What is needed is an exact repetition of the lines from the first one in the data through the line with "text Mevrouw Tielemans: Wellicht", with no pictures.

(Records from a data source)
-*-*-

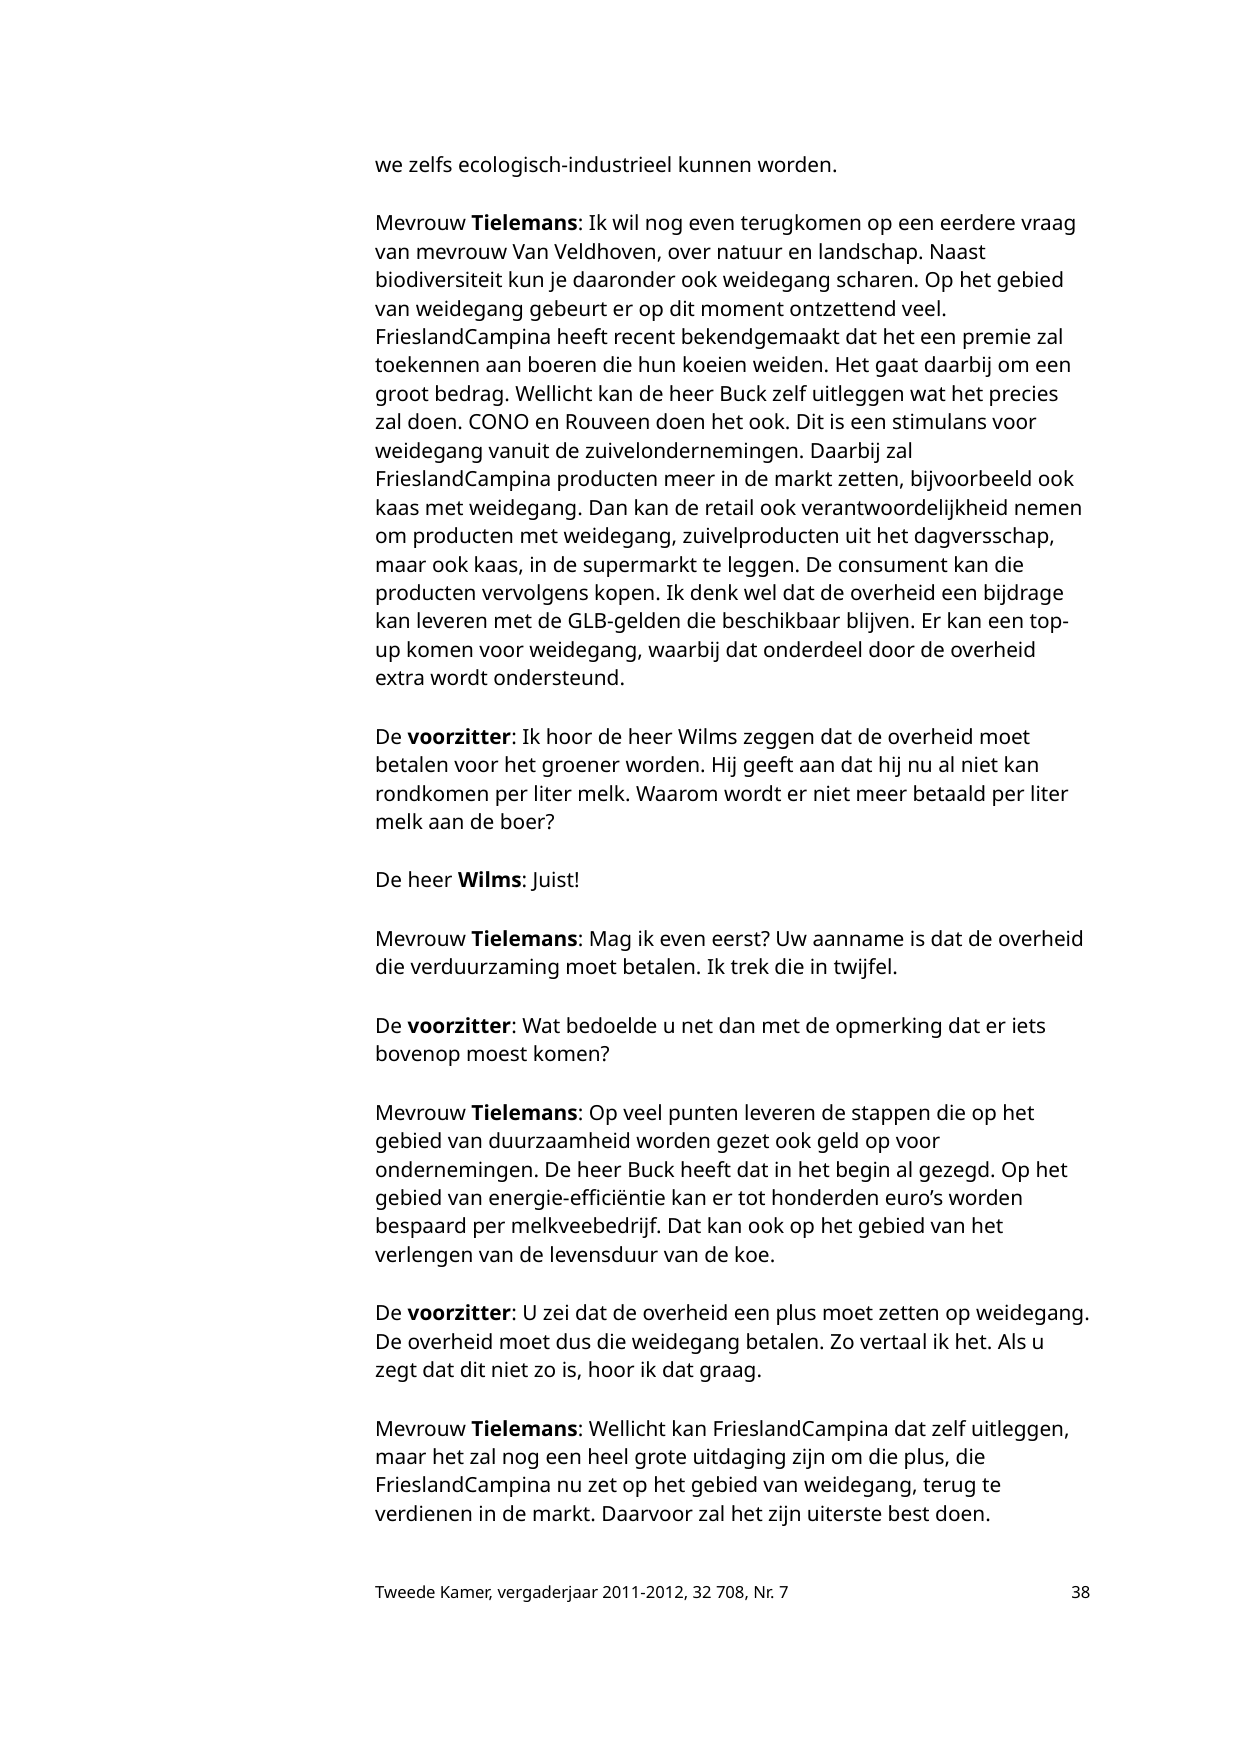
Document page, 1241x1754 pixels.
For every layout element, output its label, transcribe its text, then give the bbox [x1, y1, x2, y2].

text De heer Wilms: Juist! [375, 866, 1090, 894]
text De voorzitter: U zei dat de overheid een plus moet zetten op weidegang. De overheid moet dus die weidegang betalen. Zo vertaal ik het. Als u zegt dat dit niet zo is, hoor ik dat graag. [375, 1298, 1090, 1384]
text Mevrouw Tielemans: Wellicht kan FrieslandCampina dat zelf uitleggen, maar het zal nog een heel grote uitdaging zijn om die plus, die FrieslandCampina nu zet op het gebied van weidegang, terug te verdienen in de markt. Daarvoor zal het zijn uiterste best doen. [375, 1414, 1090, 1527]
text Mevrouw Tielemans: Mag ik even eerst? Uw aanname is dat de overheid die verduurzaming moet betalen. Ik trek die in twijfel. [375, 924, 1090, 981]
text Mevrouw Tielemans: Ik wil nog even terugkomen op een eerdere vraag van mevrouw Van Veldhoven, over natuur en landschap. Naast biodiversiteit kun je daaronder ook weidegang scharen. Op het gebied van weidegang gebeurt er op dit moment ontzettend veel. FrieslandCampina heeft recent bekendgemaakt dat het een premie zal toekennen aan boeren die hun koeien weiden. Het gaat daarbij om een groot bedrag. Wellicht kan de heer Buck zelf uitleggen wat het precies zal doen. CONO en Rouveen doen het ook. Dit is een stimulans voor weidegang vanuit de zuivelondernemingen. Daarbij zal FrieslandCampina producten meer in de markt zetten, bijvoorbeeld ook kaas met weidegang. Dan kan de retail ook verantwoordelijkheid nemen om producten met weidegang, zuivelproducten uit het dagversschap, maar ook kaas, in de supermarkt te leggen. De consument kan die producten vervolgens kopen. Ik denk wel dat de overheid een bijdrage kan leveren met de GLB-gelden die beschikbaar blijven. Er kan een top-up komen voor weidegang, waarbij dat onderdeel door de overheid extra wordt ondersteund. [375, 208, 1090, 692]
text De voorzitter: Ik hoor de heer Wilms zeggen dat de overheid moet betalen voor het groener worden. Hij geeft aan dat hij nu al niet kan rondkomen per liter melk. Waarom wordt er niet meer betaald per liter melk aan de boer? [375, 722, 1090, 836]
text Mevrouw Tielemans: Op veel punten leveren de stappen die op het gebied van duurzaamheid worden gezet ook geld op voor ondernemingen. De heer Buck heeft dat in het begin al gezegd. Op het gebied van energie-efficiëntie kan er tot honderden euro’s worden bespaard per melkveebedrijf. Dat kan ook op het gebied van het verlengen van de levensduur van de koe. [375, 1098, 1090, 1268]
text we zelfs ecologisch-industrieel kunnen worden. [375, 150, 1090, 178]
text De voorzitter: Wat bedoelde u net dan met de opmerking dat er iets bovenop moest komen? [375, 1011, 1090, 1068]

-*-*-

* [WRITTEN RESPONSE]
Document page, 1241x1754 pixels.
For every layout element, output its label, transcribe its text, then give the bbox [x1, y1, x2, y2].

text De heer Wilms: Juist! [375, 866, 1090, 894]
text De voorzitter: U zei dat de overheid een plus moet zetten op weidegang. De overheid moet dus die weidegang betalen. Zo vertaal ik het. Als u zegt dat dit niet zo is, hoor ik dat graag. [375, 1298, 1090, 1384]
text Mevrouw Tielemans: Wellicht kan FrieslandCampina dat zelf uitleggen, maar het zal nog een heel grote uitdaging zijn om die plus, die FrieslandCampina nu zet op het gebied van weidegang, terug te verdienen in de markt. Daarvoor zal het zijn uiterste best doen. [375, 1414, 1090, 1527]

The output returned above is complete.